Geology and geophysics professor Jeffrey Park said students have the tendency to become passive when they are presented with graphics and slideshow presentations, noticing that students rarely take hand-written notes anymore. “Flipped” or interactive classrooms can force students to actively engage with difficult concepts, he said.

STEM professors interviewed said there are various ways of implementing active learning components in classes, ranging from flipped lectures to research opportunities.

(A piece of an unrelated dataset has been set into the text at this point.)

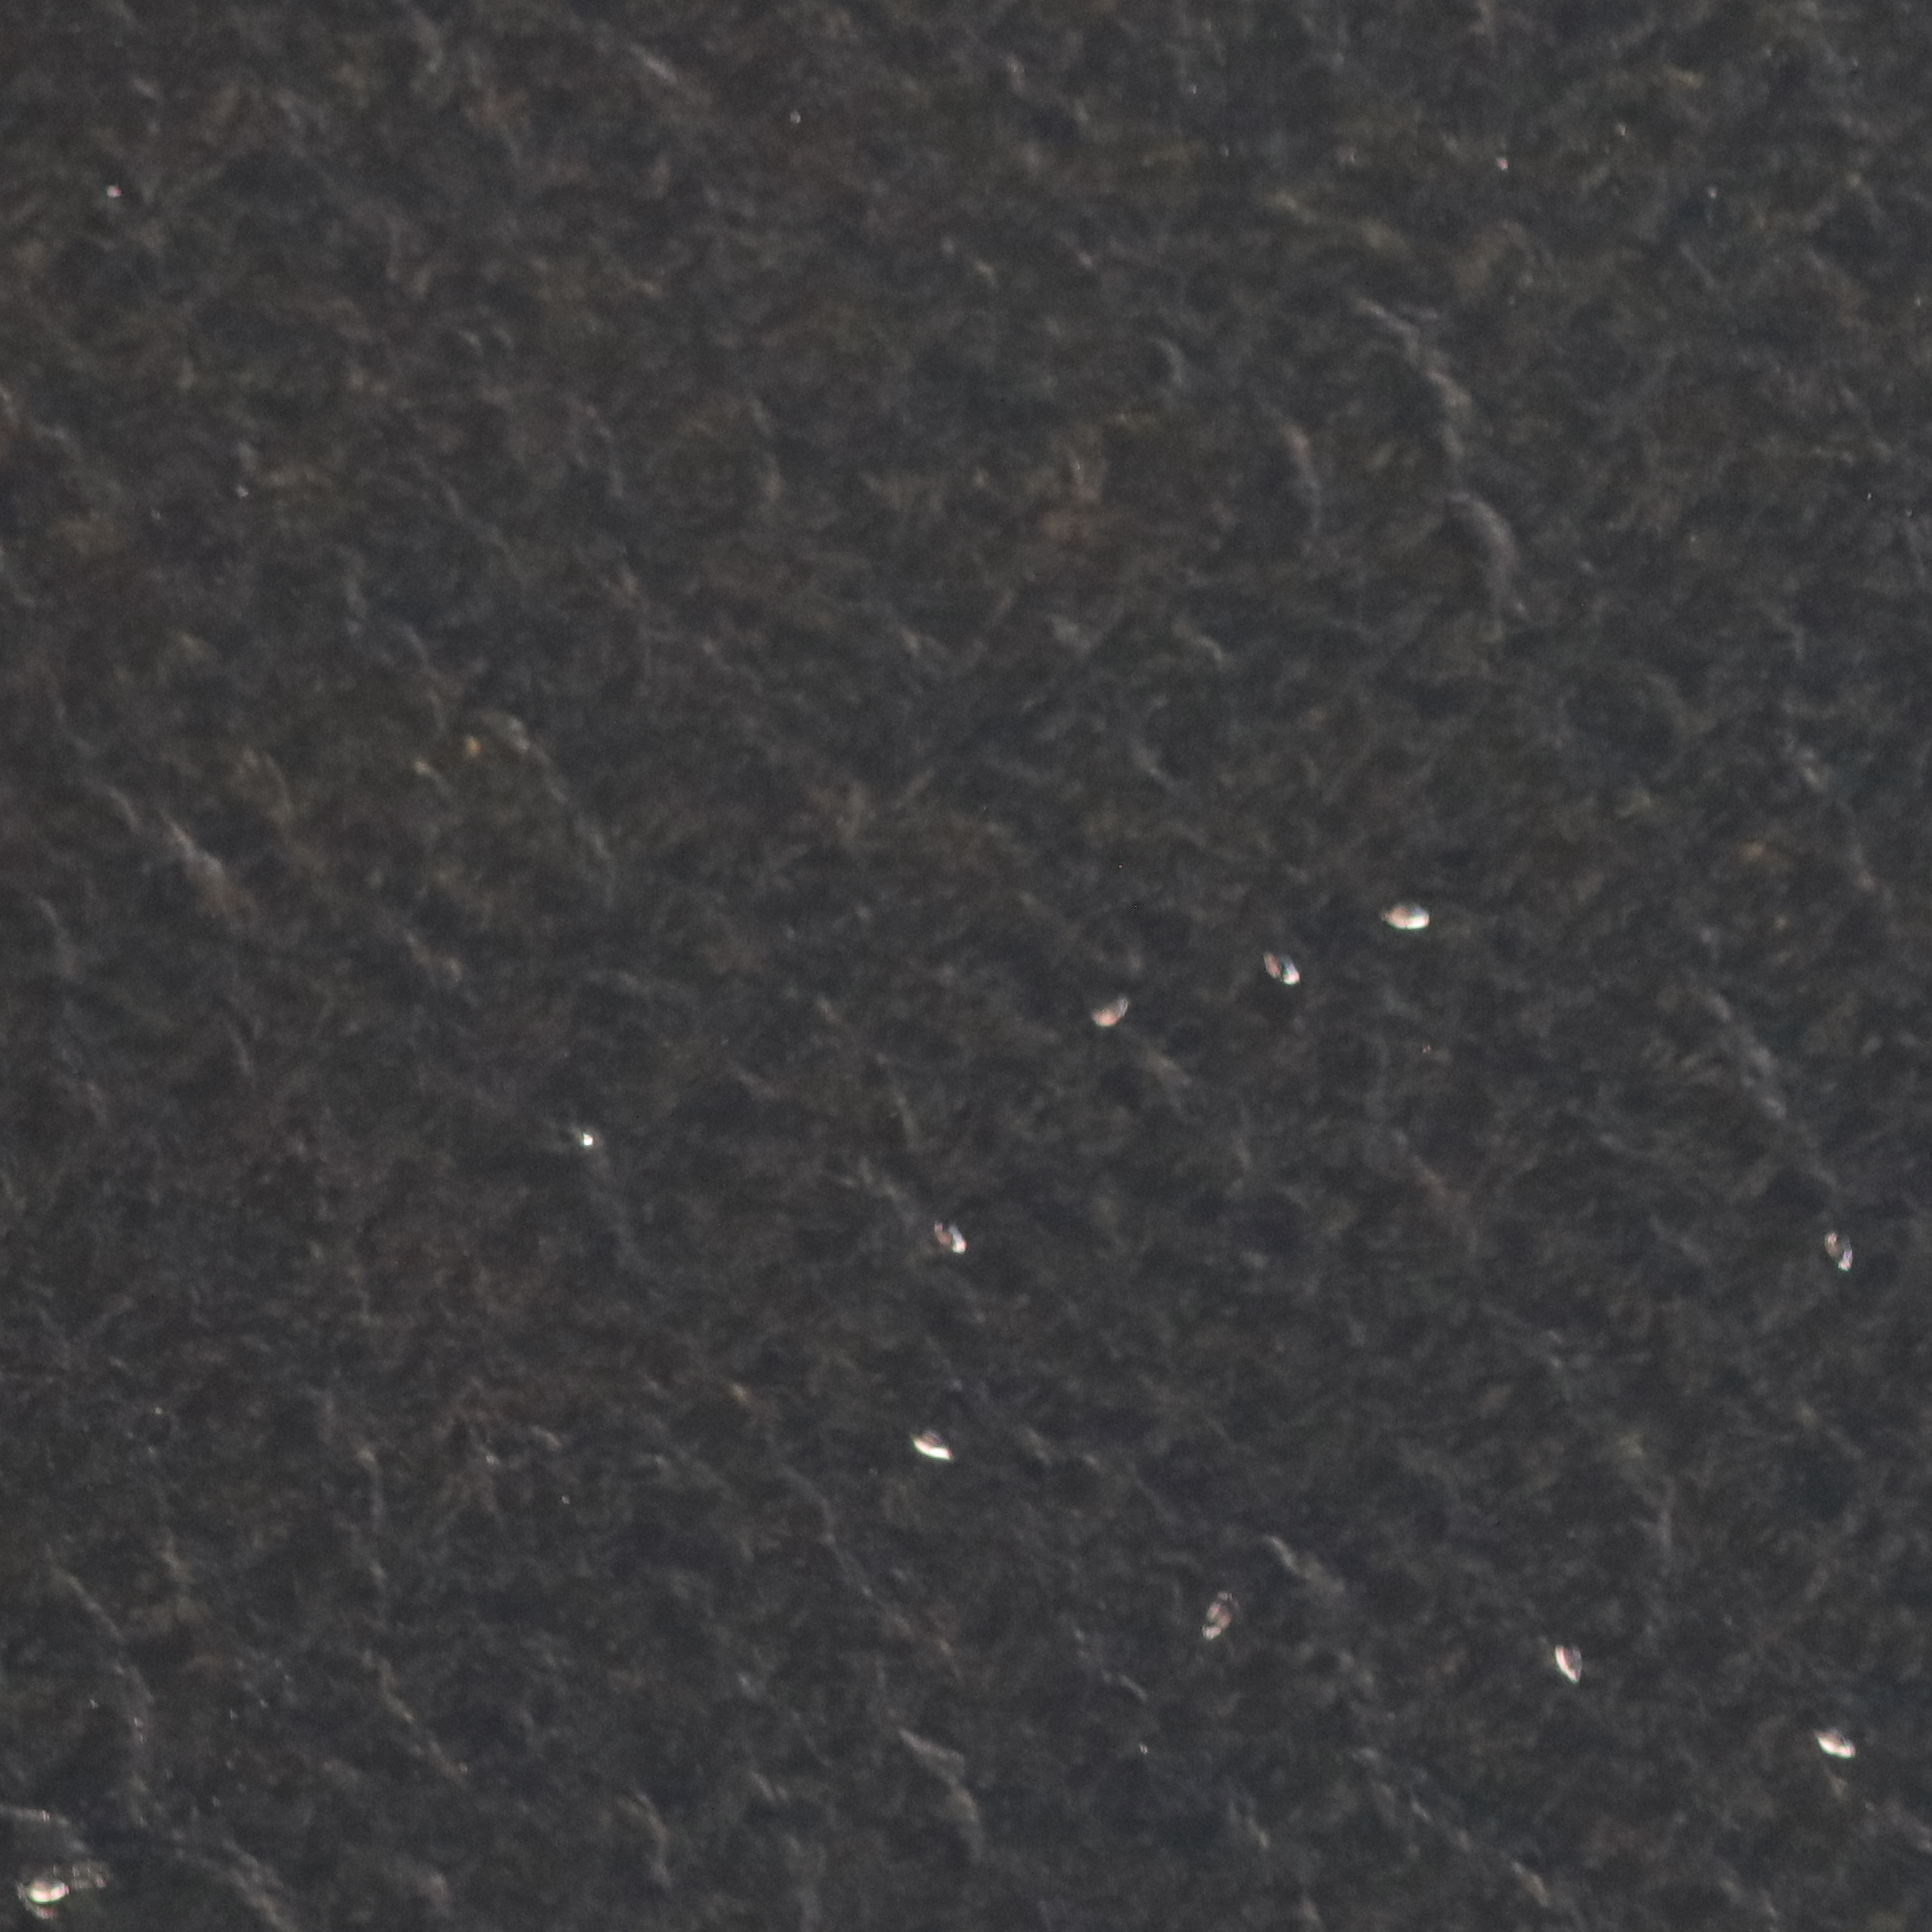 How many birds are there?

10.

Physics professor Richard Casten, who previously taught “Understanding the World through Physics” — a highly interactive introductory physics course for non-STEM majors — said he and his students discussed daily life applications of physics theories in classes he called “discussions” instead of “lectures.” He estimated that there were around 40 questions voiced per session, many of which changed his original agenda for the class.

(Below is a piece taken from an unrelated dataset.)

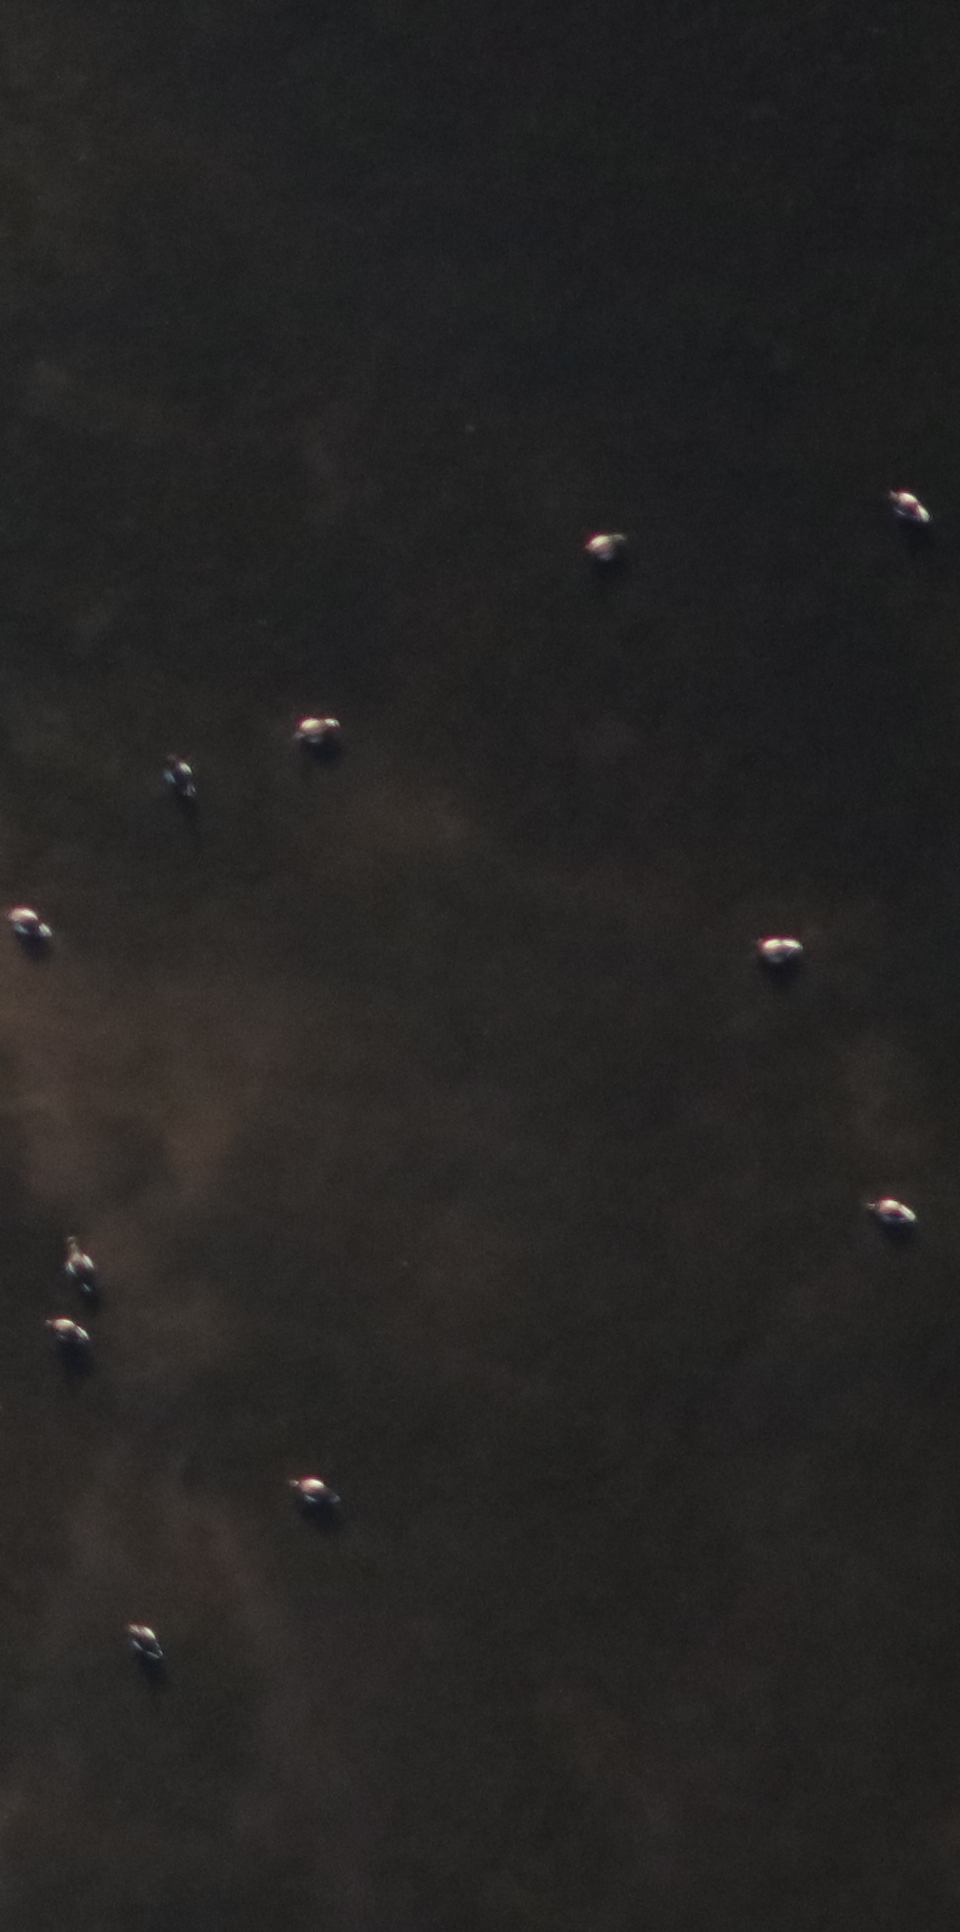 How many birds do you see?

11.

Physics professor Steve Lamoreaux said class time could be spent on students presenting their solutions to problems they previously completed in front of their peers.

“The only way to learn science is by solving problems and doing experiments,” he said. “Listening to a lecture is like watching a cooking show: you don’t know how until you do the cooking yourself.”

Geology and geophysics assistant professor Bhart-Anjan Bhullar ’05 said research-based seminars — in which students produce original research and may even get published — can excite and motivate students, citing molecular biophysics and biochemistry professor Scott Strobel’s “Rainforest Expedition Course and Laboratory” as an example.

Peter Wyckoff ’16 said he enjoyed his introductory geology class because of its small size and the fall break field trip, which made the class feel more “real and alive.” Joana Andoh ’17 said she thinks introductory classes could provide more interactive components, and added that although weekly sections attempt to provide an engaging atmosphere, they are often dependent on the teaching fellow or group dynamic.

However, several professors also said experiments such as these must be balanced with robust and structured coursework of the traditional kind in order to supply students with information and develop their critical thinking skills.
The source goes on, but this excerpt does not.